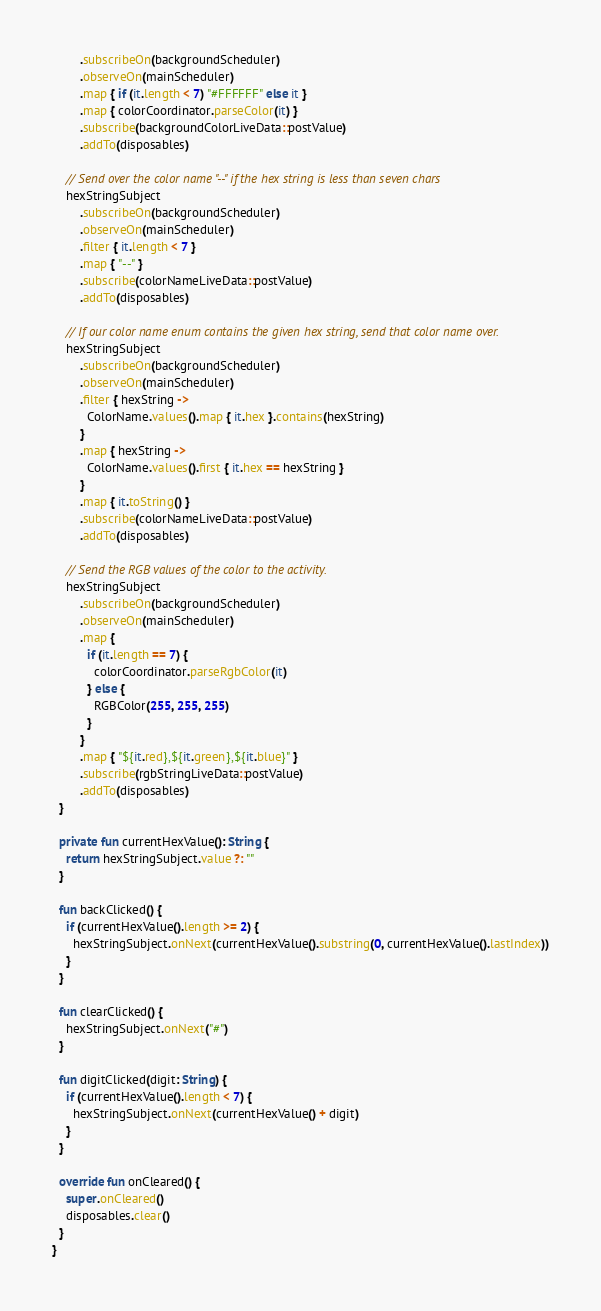Convert code to text. <code><loc_0><loc_0><loc_500><loc_500><_Kotlin_>        .subscribeOn(backgroundScheduler)
        .observeOn(mainScheduler)
        .map { if (it.length < 7) "#FFFFFF" else it }
        .map { colorCoordinator.parseColor(it) }
        .subscribe(backgroundColorLiveData::postValue)
        .addTo(disposables)

    // Send over the color name "--" if the hex string is less than seven chars
    hexStringSubject
        .subscribeOn(backgroundScheduler)
        .observeOn(mainScheduler)
        .filter { it.length < 7 }
        .map { "--" }
        .subscribe(colorNameLiveData::postValue)
        .addTo(disposables)

    // If our color name enum contains the given hex string, send that color name over.
    hexStringSubject
        .subscribeOn(backgroundScheduler)
        .observeOn(mainScheduler)
        .filter { hexString ->
          ColorName.values().map { it.hex }.contains(hexString)
        }
        .map { hexString ->
          ColorName.values().first { it.hex == hexString }
        }
        .map { it.toString() }
        .subscribe(colorNameLiveData::postValue)
        .addTo(disposables)

    // Send the RGB values of the color to the activity.
    hexStringSubject
        .subscribeOn(backgroundScheduler)
        .observeOn(mainScheduler)
        .map {
          if (it.length == 7) {
            colorCoordinator.parseRgbColor(it)
          } else {
            RGBColor(255, 255, 255)
          }
        }
        .map { "${it.red},${it.green},${it.blue}" }
        .subscribe(rgbStringLiveData::postValue)
        .addTo(disposables)
  }

  private fun currentHexValue(): String {
    return hexStringSubject.value ?: ""
  }

  fun backClicked() {
    if (currentHexValue().length >= 2) {
      hexStringSubject.onNext(currentHexValue().substring(0, currentHexValue().lastIndex))
    }
  }

  fun clearClicked() {
    hexStringSubject.onNext("#")
  }

  fun digitClicked(digit: String) {
    if (currentHexValue().length < 7) {
      hexStringSubject.onNext(currentHexValue() + digit)
    }
  }

  override fun onCleared() {
    super.onCleared()
    disposables.clear()
  }
}
</code> 
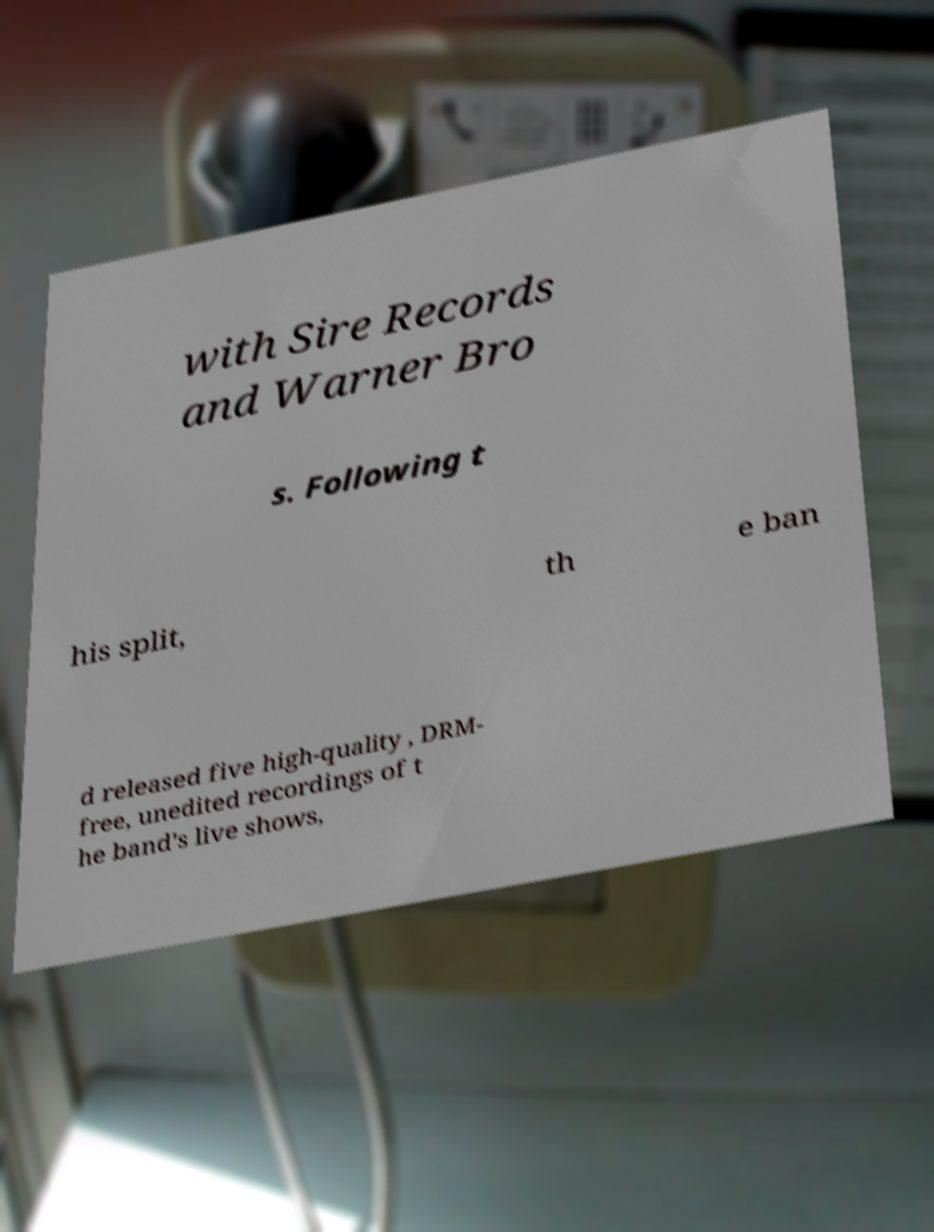Can you accurately transcribe the text from the provided image for me? with Sire Records and Warner Bro s. Following t his split, th e ban d released five high-quality , DRM- free, unedited recordings of t he band's live shows,
········
Exclude the pictures. Write out the remaining data exactly.

* _Written answer_
Convert code to text. <code><loc_0><loc_0><loc_500><loc_500><_Kotlin_>        .subscribeOn(backgroundScheduler)
        .observeOn(mainScheduler)
        .map { if (it.length < 7) "#FFFFFF" else it }
        .map { colorCoordinator.parseColor(it) }
        .subscribe(backgroundColorLiveData::postValue)
        .addTo(disposables)

    // Send over the color name "--" if the hex string is less than seven chars
    hexStringSubject
        .subscribeOn(backgroundScheduler)
        .observeOn(mainScheduler)
        .filter { it.length < 7 }
        .map { "--" }
        .subscribe(colorNameLiveData::postValue)
        .addTo(disposables)

    // If our color name enum contains the given hex string, send that color name over.
    hexStringSubject
        .subscribeOn(backgroundScheduler)
        .observeOn(mainScheduler)
        .filter { hexString ->
          ColorName.values().map { it.hex }.contains(hexString)
        }
        .map { hexString ->
          ColorName.values().first { it.hex == hexString }
        }
        .map { it.toString() }
        .subscribe(colorNameLiveData::postValue)
        .addTo(disposables)

    // Send the RGB values of the color to the activity.
    hexStringSubject
        .subscribeOn(backgroundScheduler)
        .observeOn(mainScheduler)
        .map {
          if (it.length == 7) {
            colorCoordinator.parseRgbColor(it)
          } else {
            RGBColor(255, 255, 255)
          }
        }
        .map { "${it.red},${it.green},${it.blue}" }
        .subscribe(rgbStringLiveData::postValue)
        .addTo(disposables)
  }

  private fun currentHexValue(): String {
    return hexStringSubject.value ?: ""
  }

  fun backClicked() {
    if (currentHexValue().length >= 2) {
      hexStringSubject.onNext(currentHexValue().substring(0, currentHexValue().lastIndex))
    }
  }

  fun clearClicked() {
    hexStringSubject.onNext("#")
  }

  fun digitClicked(digit: String) {
    if (currentHexValue().length < 7) {
      hexStringSubject.onNext(currentHexValue() + digit)
    }
  }

  override fun onCleared() {
    super.onCleared()
    disposables.clear()
  }
}
</code> 
Can you accurately transcribe the text from the provided image for me? with Sire Records and Warner Bro s. Following t his split, th e ban d released five high-quality , DRM- free, unedited recordings of t he band's live shows,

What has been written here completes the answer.